━━━━━ AVAILABLE DATA ━━━━━
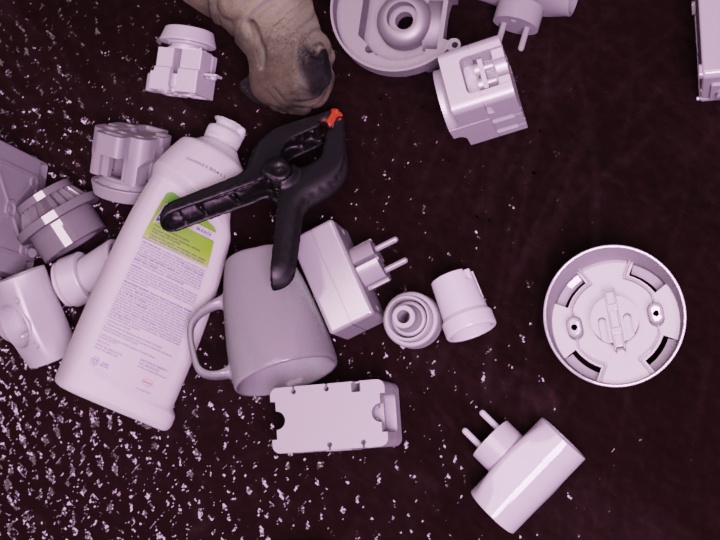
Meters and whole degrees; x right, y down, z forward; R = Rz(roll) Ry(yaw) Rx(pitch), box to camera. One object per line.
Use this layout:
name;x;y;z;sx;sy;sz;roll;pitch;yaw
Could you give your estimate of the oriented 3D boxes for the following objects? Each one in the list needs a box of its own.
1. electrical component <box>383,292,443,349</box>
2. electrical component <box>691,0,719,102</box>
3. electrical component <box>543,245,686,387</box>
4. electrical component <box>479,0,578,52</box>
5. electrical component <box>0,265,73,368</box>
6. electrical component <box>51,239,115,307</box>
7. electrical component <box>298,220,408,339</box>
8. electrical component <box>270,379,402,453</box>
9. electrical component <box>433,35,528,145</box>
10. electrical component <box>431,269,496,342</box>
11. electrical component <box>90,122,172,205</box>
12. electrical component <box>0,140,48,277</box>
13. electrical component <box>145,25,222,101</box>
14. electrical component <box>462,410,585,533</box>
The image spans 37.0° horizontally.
electrical component;0.039;0.038;0.821;0.043;0.062;0.043;-1;83;13
electrical component;0.279;-0.166;0.790;0.061;0.062;0.096;-3;80;15
electrical component;0.185;0.036;0.781;0.099;0.064;0.099;-3;80;15
electrical component;0.128;-0.211;0.848;0.077;0.043;0.079;15;85;17
electrical component;-0.284;0.042;0.914;0.079;0.044;0.077;-12;102;43
electrical component;-0.226;0.003;0.908;0.055;0.045;0.045;-19;77;12
electrical component;0.000;0.000;0.846;0.076;0.047;0.083;-27;75;9
electrical component;-0.017;0.113;0.828;0.089;0.056;0.050;-6;79;14
electrical component;0.091;-0.134;0.822;0.056;0.089;0.050;-16;77;12
electrical component;0.078;0.027;0.825;0.040;0.040;0.046;-23;71;11
electrical component;-0.194;-0.089;0.903;0.058;0.078;0.057;17;107;17
electrical component;-0.320;-0.053;0.911;0.056;0.109;0.108;4;82;13
electrical component;-0.149;-0.177;0.918;0.066;0.048;0.055;8;91;16
electrical component;0.111;0.139;0.795;0.079;0.043;0.077;44;94;17
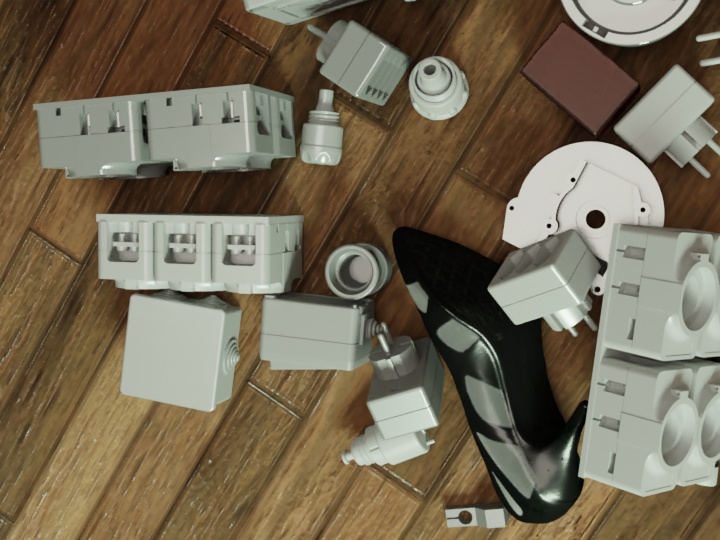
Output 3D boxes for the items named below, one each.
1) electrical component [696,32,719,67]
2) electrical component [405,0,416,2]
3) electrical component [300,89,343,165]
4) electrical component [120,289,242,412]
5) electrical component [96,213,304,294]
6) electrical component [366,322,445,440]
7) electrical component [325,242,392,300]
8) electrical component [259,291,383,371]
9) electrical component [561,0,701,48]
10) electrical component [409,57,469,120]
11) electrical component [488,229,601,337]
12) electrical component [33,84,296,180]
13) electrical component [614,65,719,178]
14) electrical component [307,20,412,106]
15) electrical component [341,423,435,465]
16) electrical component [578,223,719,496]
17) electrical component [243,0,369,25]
━━━━━
#### EXERCISE:
Exact transcription of the full listing above is required; images do not belong in it.

#### ANSWER AREA:
Meters and whole degrees; x right, y down, z forward; R = Rz(roll) Ry(yaw) Rx(pitch), box to camera. One object per line.
Use this layout:
name;x;y;z;sx;sy;sz;roll;pitch;yaw
Could you give your estimate of the oriented 3D boxes for the following objects? Each one in the list needs a box of its own.
1. electrical component <box>383,292,443,349</box>
2. electrical component <box>691,0,719,102</box>
3. electrical component <box>543,245,686,387</box>
4. electrical component <box>479,0,578,52</box>
5. electrical component <box>0,265,73,368</box>
6. electrical component <box>51,239,115,307</box>
7. electrical component <box>298,220,408,339</box>
8. electrical component <box>270,379,402,453</box>
9. electrical component <box>433,35,528,145</box>
10. electrical component <box>431,269,496,342</box>
11. electrical component <box>90,122,172,205</box>
12. electrical component <box>0,140,48,277</box>
13. electrical component <box>145,25,222,101</box>
14. electrical component <box>462,410,585,533</box>
The image spans 37.0° horizontally.
electrical component;0.039;0.038;0.821;0.043;0.062;0.043;-1;83;13
electrical component;0.279;-0.166;0.790;0.061;0.062;0.096;-3;80;15
electrical component;0.185;0.036;0.781;0.099;0.064;0.099;-3;80;15
electrical component;0.128;-0.211;0.848;0.077;0.043;0.079;15;85;17
electrical component;-0.284;0.042;0.914;0.079;0.044;0.077;-12;102;43
electrical component;-0.226;0.003;0.908;0.055;0.045;0.045;-19;77;12
electrical component;0.000;0.000;0.846;0.076;0.047;0.083;-27;75;9
electrical component;-0.017;0.113;0.828;0.089;0.056;0.050;-6;79;14
electrical component;0.091;-0.134;0.822;0.056;0.089;0.050;-16;77;12
electrical component;0.078;0.027;0.825;0.040;0.040;0.046;-23;71;11
electrical component;-0.194;-0.089;0.903;0.058;0.078;0.057;17;107;17
electrical component;-0.320;-0.053;0.911;0.056;0.109;0.108;4;82;13
electrical component;-0.149;-0.177;0.918;0.066;0.048;0.055;8;91;16
electrical component;0.111;0.139;0.795;0.079;0.043;0.077;44;94;17
Output 3D boxes for the items named below, one each.
1) electrical component [696,32,719,67]
2) electrical component [405,0,416,2]
3) electrical component [300,89,343,165]
4) electrical component [120,289,242,412]
5) electrical component [96,213,304,294]
6) electrical component [366,322,445,440]
7) electrical component [325,242,392,300]
8) electrical component [259,291,383,371]
9) electrical component [561,0,701,48]
10) electrical component [409,57,469,120]
11) electrical component [488,229,601,337]
12) electrical component [33,84,296,180]
13) electrical component [614,65,719,178]
14) electrical component [307,20,412,106]
15) electrical component [341,423,435,465]
16) electrical component [578,223,719,496]
17) electrical component [243,0,369,25]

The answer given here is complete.